American banker (1867–1943)

John Pierpont Morgan Jr. (September 7, 1867 – March 13, 1943) was an American banker and finance executive. He inherited the family fortune and took over the business interests including J.P. Morgan & Co. after his father, J. P. Morgan, died in 1913.

After graduating from St. Paul's School and Harvard College, Morgan trained as a finance executive working for his father and grandfather. He became a banking financier, a lending leader, and a director of several companies. He supported New York's Society for the Lying-In Hospital, the Red Cross, the Episcopal Church, and endowed the creation of a rare book and manuscript collection at the Morgan Library.

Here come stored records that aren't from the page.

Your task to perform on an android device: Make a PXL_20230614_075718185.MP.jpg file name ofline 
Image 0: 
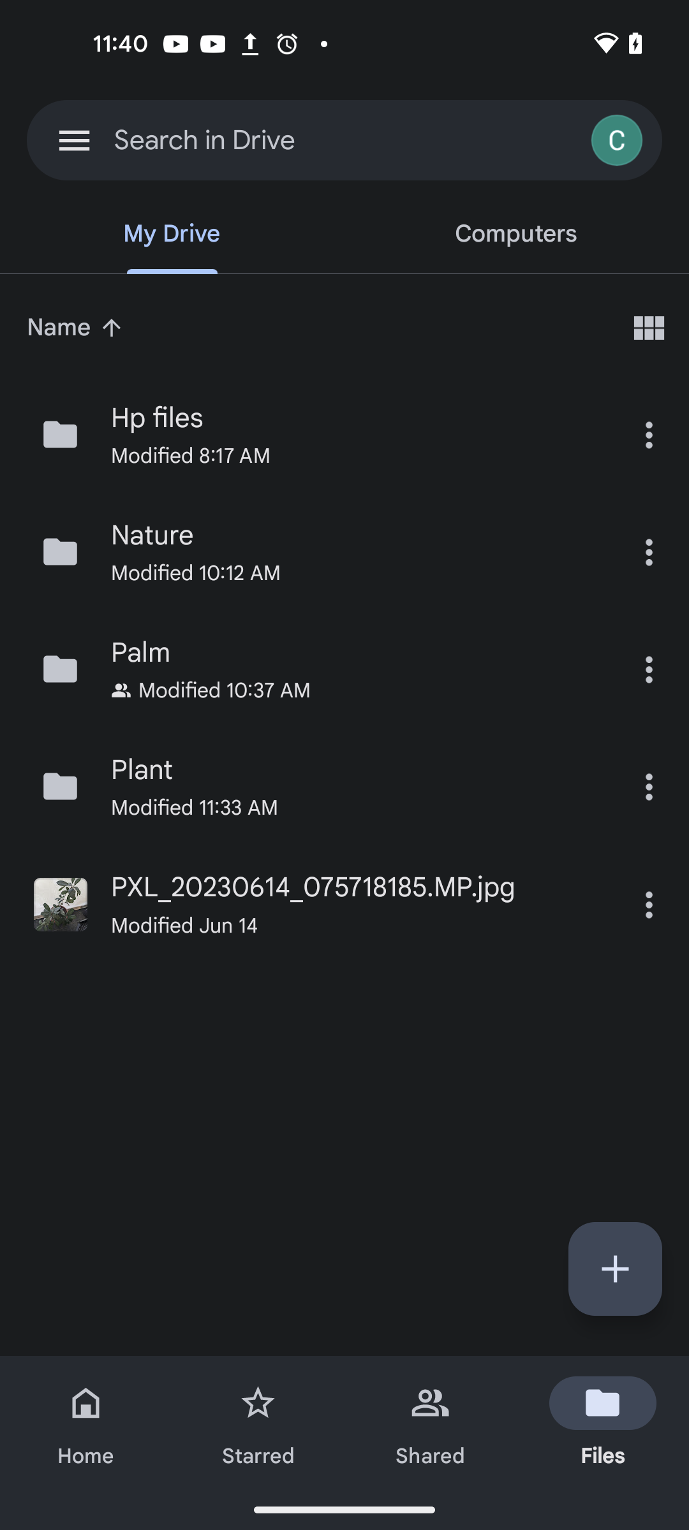
Click on the three dots of the PXL_20230614_075718185.MP.jpg
Step 0: click (648, 905)
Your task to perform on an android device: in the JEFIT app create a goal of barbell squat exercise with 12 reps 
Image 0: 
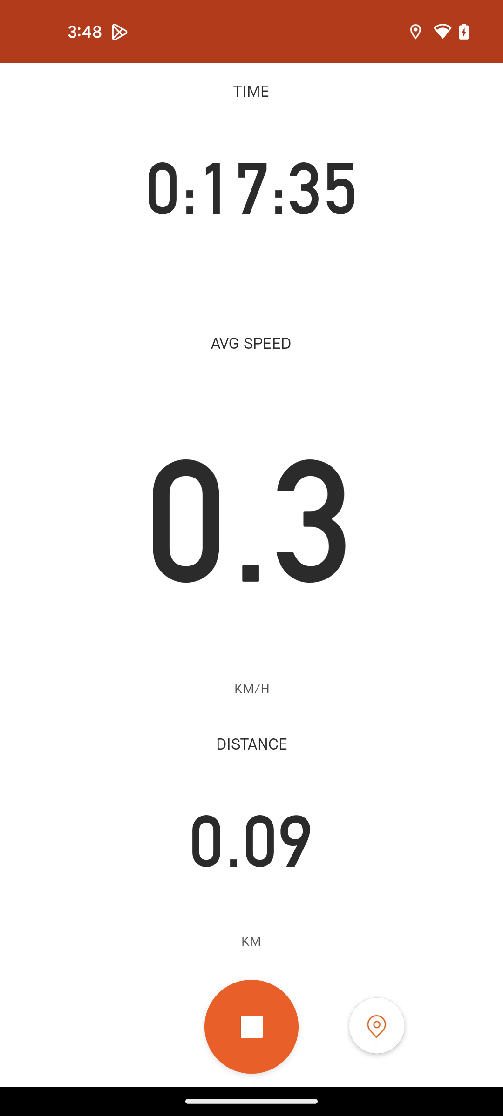
Open the JEFIT app
Step 0: open app "JEFIT"
Image 1: 
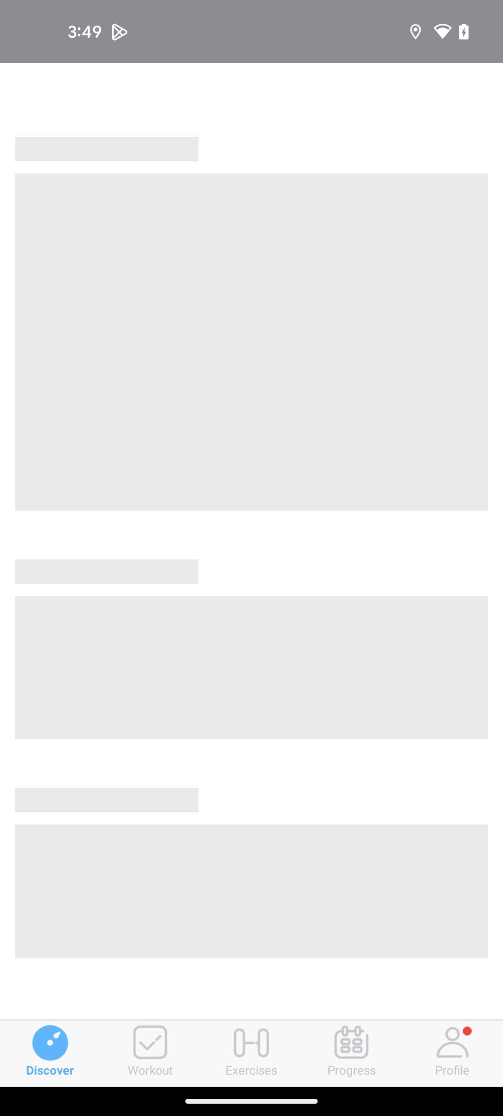
Open the JEFIT app
Step 1: wait
Image 4: 
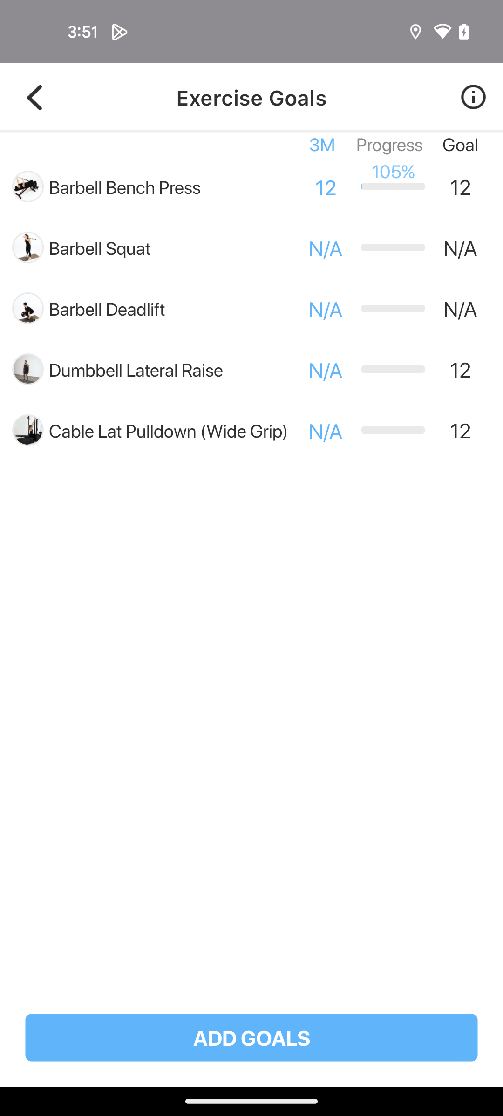
Click on the ADD GOALS button at the bottom of the screen
Step 4: click (251, 1037)
Image 5: 
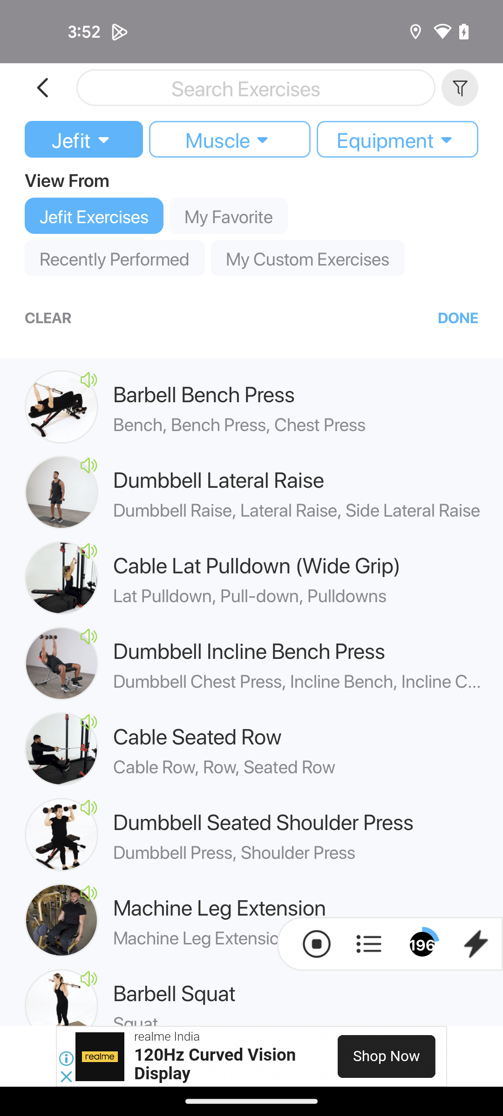
Click on Barbell Squat exercise
Step 5: click (300, 992)
Image 6: 
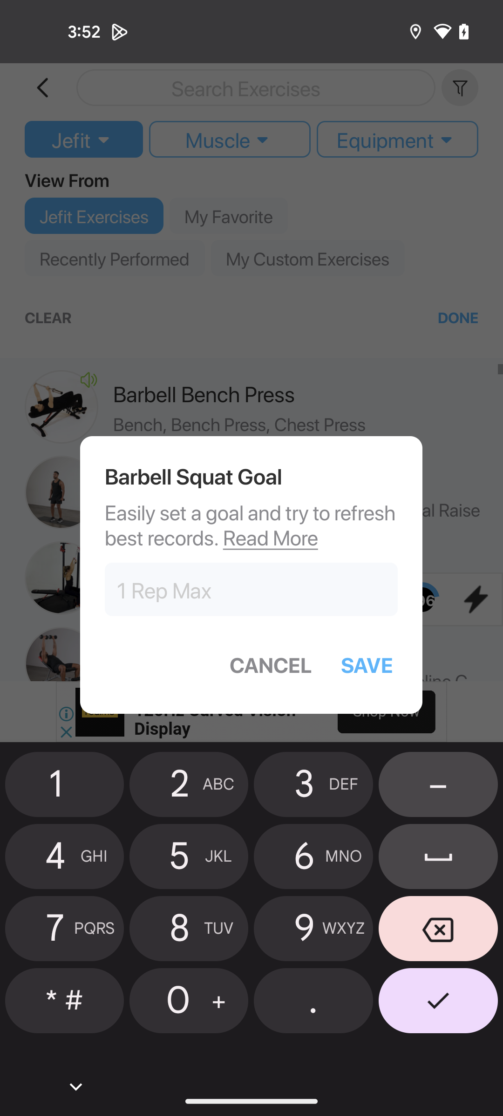
type 12 reps
Step 6: type "12"
Image 7: 
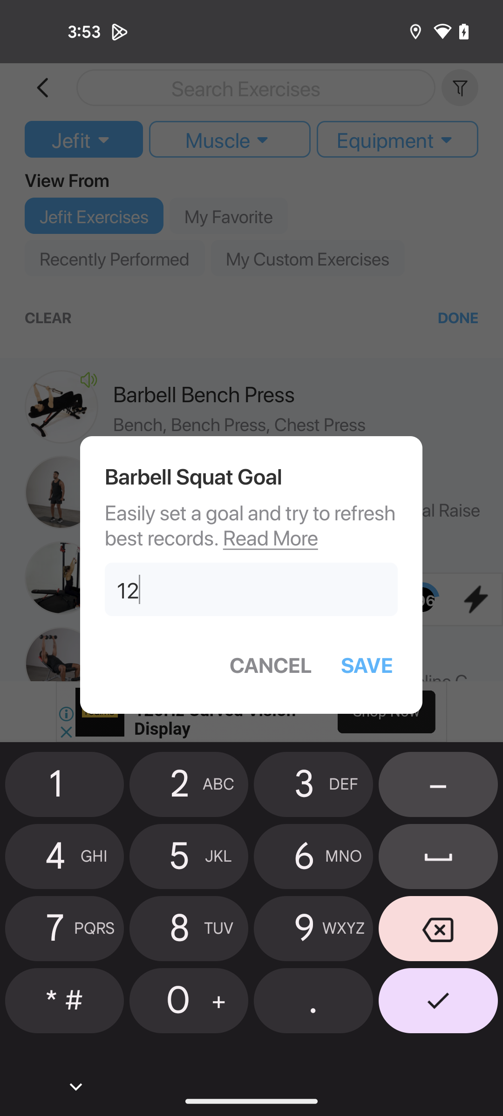
Click on Save button
Step 7: click (367, 664)

Morgan brokered a deal that positioned his company as the sole munitions and supplies purchaser during World War I for the British and French governments, bringing his company a 1% commission on $3 billion ($30 million). He was also a banking broker for financing to foreign governments both during and after the war.

==Early life==
John Pierpont Morgan Jr, nicknamed Jack, was born on September 7, 1867, in Irvington, New York, to J. P. Morgan and Frances Louisa Tracy. He graduated from St. Paul's School, and later in 1886 from Harvard College, where he was a member of the Alpha chapter of Delta Kappa Epsilon.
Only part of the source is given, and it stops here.